> **Brief**
Would you restate each line of the data below word for word, without its pictures?
++++++++
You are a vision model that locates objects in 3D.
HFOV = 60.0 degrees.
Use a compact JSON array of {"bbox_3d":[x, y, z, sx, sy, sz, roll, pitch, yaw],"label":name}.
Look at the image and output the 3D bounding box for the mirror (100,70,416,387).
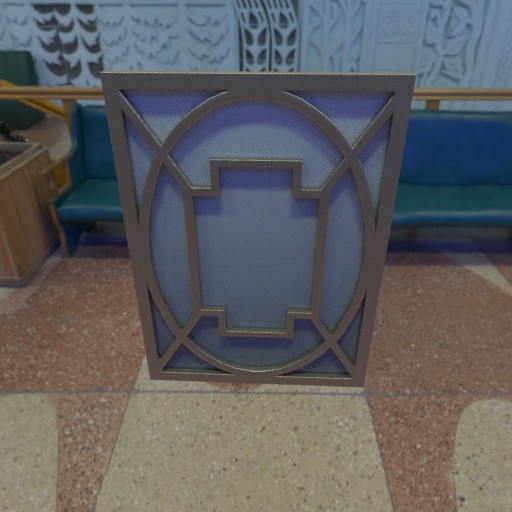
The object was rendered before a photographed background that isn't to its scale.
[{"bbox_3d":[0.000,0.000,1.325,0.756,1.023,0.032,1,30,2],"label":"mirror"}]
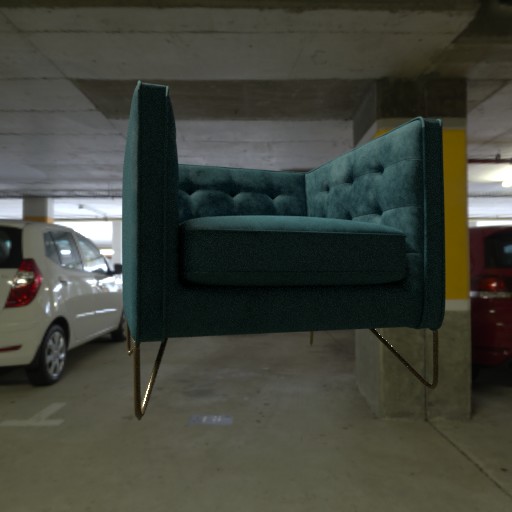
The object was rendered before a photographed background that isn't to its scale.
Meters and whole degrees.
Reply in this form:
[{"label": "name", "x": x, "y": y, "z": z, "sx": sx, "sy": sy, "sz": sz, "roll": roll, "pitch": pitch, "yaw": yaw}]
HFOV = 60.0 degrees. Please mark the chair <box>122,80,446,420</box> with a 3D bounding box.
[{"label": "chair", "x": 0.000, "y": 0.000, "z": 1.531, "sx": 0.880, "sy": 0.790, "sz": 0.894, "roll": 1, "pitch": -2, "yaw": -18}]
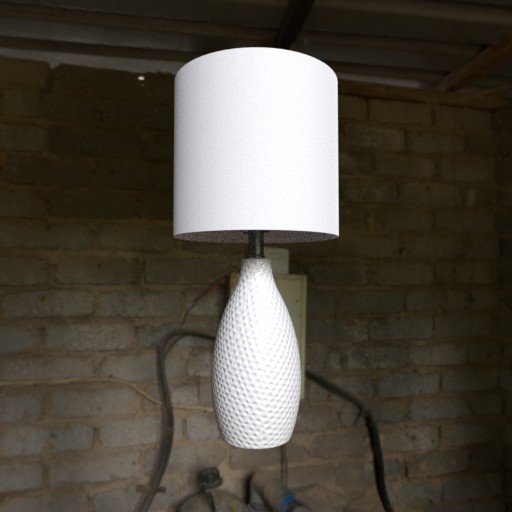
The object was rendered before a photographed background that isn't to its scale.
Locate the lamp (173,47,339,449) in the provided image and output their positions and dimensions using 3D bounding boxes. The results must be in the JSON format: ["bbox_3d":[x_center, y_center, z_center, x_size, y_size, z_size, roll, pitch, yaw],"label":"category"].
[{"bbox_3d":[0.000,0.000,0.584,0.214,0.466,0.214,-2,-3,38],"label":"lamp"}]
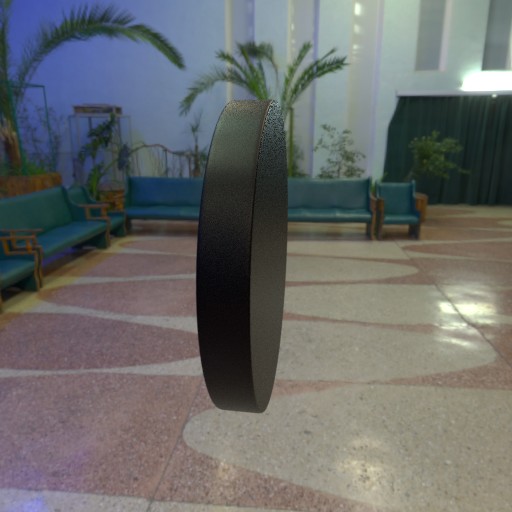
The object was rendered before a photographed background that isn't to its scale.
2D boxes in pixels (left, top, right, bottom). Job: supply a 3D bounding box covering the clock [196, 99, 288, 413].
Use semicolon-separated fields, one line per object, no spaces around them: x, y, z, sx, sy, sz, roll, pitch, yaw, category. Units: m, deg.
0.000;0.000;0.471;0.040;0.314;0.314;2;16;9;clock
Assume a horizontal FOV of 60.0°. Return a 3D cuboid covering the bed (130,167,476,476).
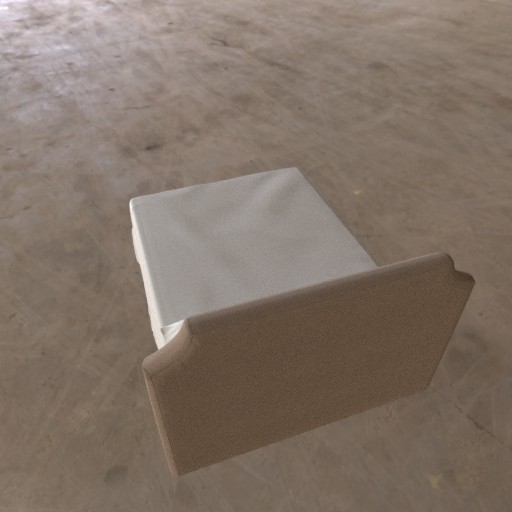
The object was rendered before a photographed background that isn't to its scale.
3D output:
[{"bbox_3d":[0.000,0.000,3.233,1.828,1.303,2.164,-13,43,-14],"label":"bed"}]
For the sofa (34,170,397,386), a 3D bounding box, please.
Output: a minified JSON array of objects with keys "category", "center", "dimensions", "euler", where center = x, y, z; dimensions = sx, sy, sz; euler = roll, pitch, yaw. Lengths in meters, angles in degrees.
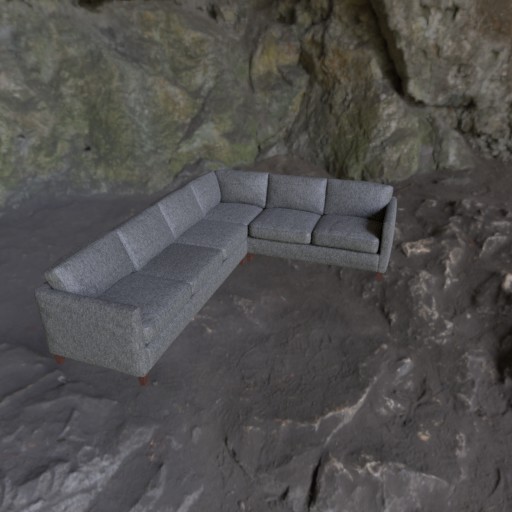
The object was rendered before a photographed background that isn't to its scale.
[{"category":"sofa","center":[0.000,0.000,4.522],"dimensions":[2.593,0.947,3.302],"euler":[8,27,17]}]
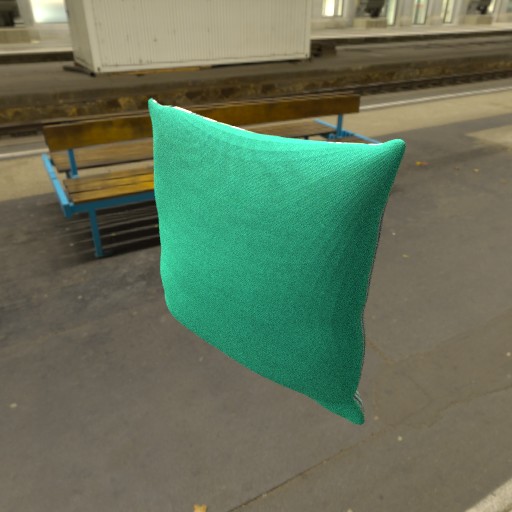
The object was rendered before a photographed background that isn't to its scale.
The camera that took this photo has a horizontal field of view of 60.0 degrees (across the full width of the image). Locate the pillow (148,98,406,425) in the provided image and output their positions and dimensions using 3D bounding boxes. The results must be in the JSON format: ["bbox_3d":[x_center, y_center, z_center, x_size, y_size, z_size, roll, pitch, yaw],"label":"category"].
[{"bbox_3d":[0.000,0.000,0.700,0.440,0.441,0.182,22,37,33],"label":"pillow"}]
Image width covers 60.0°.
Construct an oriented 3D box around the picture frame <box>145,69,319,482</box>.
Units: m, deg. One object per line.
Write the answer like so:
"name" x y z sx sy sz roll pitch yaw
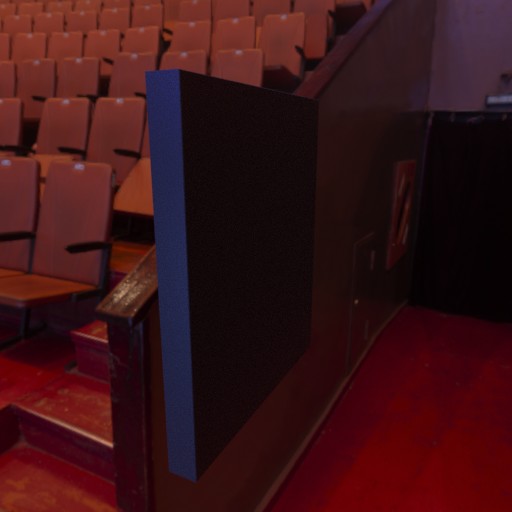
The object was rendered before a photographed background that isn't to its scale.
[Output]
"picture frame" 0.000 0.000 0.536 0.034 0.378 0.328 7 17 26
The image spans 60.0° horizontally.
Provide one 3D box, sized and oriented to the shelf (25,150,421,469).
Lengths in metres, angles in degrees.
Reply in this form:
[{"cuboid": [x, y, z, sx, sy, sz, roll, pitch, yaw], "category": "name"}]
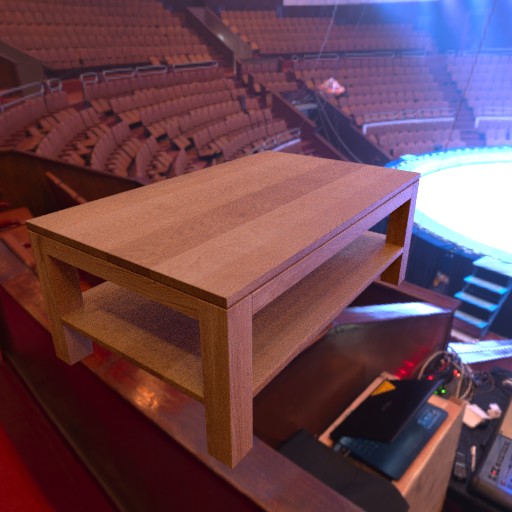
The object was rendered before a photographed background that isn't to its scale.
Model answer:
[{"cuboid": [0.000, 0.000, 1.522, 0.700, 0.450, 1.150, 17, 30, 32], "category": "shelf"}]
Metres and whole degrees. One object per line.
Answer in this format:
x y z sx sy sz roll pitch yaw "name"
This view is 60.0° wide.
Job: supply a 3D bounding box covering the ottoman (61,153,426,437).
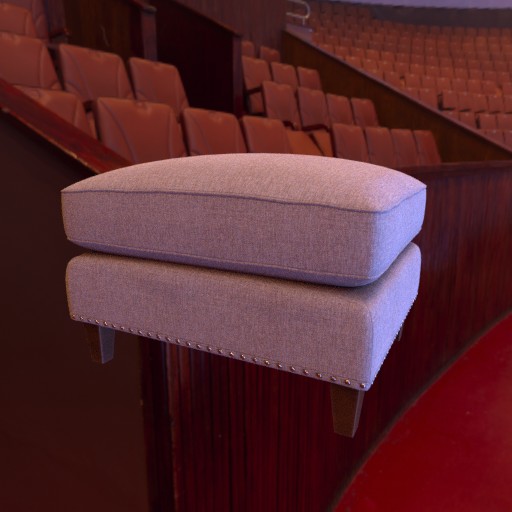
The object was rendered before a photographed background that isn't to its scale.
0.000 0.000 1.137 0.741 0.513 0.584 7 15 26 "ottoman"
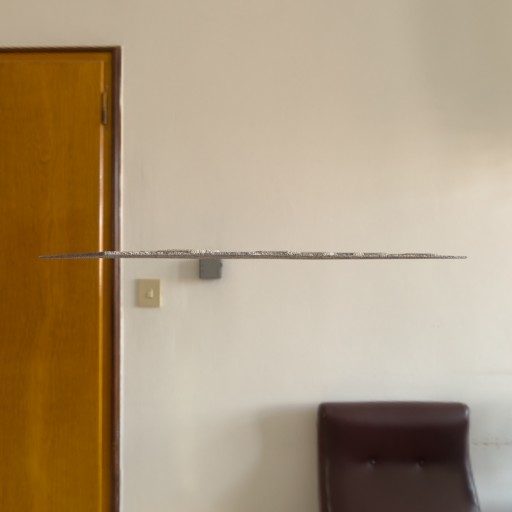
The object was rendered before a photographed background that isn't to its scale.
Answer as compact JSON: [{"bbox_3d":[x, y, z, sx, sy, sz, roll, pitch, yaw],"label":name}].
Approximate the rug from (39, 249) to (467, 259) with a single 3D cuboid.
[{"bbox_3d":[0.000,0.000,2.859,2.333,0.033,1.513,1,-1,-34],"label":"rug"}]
++++++++
> **Answer area**
You are a vision model that locates objects in 3D.
HFOV = 60.0 degrees.
Use a compact JSON array of {"bbox_3d":[x, y, z, sx, sy, sz, roll, pitch, yaw],"label":name}.
Look at the image and output the 3D bounding box for the mirror (100,70,416,387).
The object was rendered before a photographed background that isn't to its scale.
[{"bbox_3d":[0.000,0.000,1.325,0.756,1.023,0.032,1,30,2],"label":"mirror"}]
The object was rendered before a photographed background that isn't to its scale.
Meters and whole degrees.
Reply in this form:
[{"label": "name", "x": x, "y": y, "z": z, "sx": sx, "sy": sy, "sz": sz, "roll": roll, "pitch": pitch, "yaw": yaw}]
HFOV = 60.0 degrees. Please mark the chair <box>122,80,446,420</box> with a 3D bounding box.
[{"label": "chair", "x": 0.000, "y": 0.000, "z": 1.531, "sx": 0.880, "sy": 0.790, "sz": 0.894, "roll": 1, "pitch": -2, "yaw": -18}]
The object was rendered before a photographed background that isn't to its scale.
Locate the lamp (173,47,339,449) in the provided image and output their positions and dimensions using 3D bounding boxes. The results must be in the JSON format: ["bbox_3d":[x_center, y_center, z_center, x_size, y_size, z_size, roll, pitch, yaw],"label":"category"].
[{"bbox_3d":[0.000,0.000,0.584,0.214,0.466,0.214,-2,-3,38],"label":"lamp"}]
The object was rendered before a photographed background that isn't to its scale.
2D boxes in pixels (left, top, right, bottom). Job: supply a 3D bounding box covering the clock [196, 99, 288, 413].
Use semicolon-separated fields, one line per object, no spaces around them: x, y, z, sx, sy, sz, roll, pitch, yaw, category. Units: m, deg.
0.000;0.000;0.471;0.040;0.314;0.314;2;16;9;clock
Assume a horizontal FOV of 60.0°. Return a 3D cuboid covering the bed (130,167,476,476).
The object was rendered before a photographed background that isn't to its scale.
3D output:
[{"bbox_3d":[0.000,0.000,3.233,1.828,1.303,2.164,-13,43,-14],"label":"bed"}]
For the sofa (34,170,397,386), a 3D bounding box, please.
Output: a minified JSON array of objects with keys "category", "center", "dimensions", "euler", where center = x, y, z; dimensions = sx, sy, sz; euler = roll, pitch, yaw. Lengths in meters, angles in degrees.
The object was rendered before a photographed background that isn't to its scale.
[{"category":"sofa","center":[0.000,0.000,4.522],"dimensions":[2.593,0.947,3.302],"euler":[8,27,17]}]
The object was rendered before a photographed background that isn't to its scale.
The camera that took this photo has a horizontal field of view of 60.0 degrees (across the full width of the image). Locate the pillow (148,98,406,425) in the provided image and output their positions and dimensions using 3D bounding boxes. The results must be in the JSON format: ["bbox_3d":[x_center, y_center, z_center, x_size, y_size, z_size, roll, pitch, yaw],"label":"category"].
[{"bbox_3d":[0.000,0.000,0.700,0.440,0.441,0.182,22,37,33],"label":"pillow"}]
Image width covers 60.0°.
Construct an oriented 3D box around the picture frame <box>145,69,319,482</box>.
Units: m, deg. One object per line.
Write the answer like so:
"name" x y z sx sy sz roll pitch yaw
The object was rendered before a photographed background that isn't to its scale.
[Output]
"picture frame" 0.000 0.000 0.536 0.034 0.378 0.328 7 17 26
The image spans 60.0° horizontally.
Provide one 3D box, sized and oriented to the shelf (25,150,421,469).
Lengths in metres, angles in degrees.
Reply in this form:
[{"cuboid": [x, y, z, sx, sy, sz, roll, pitch, yaw], "category": "name"}]
The object was rendered before a photographed background that isn't to its scale.
Model answer:
[{"cuboid": [0.000, 0.000, 1.522, 0.700, 0.450, 1.150, 17, 30, 32], "category": "shelf"}]
Metres and whole degrees. One object per line.
Answer in this format:
x y z sx sy sz roll pitch yaw "name"
This view is 60.0° wide.
Job: supply a 3D bounding box covering the ottoman (61,153,426,437).
The object was rendered before a photographed background that isn't to its scale.
0.000 0.000 1.137 0.741 0.513 0.584 7 15 26 "ottoman"
The object was rendered before a photographed background that isn't to its scale.
Answer as compact JSON: [{"bbox_3d":[x, y, z, sx, sy, sz, roll, pitch, yaw],"label":name}].
Approximate the rug from (39, 249) to (467, 259) with a single 3D cuboid.
[{"bbox_3d":[0.000,0.000,2.859,2.333,0.033,1.513,1,-1,-34],"label":"rug"}]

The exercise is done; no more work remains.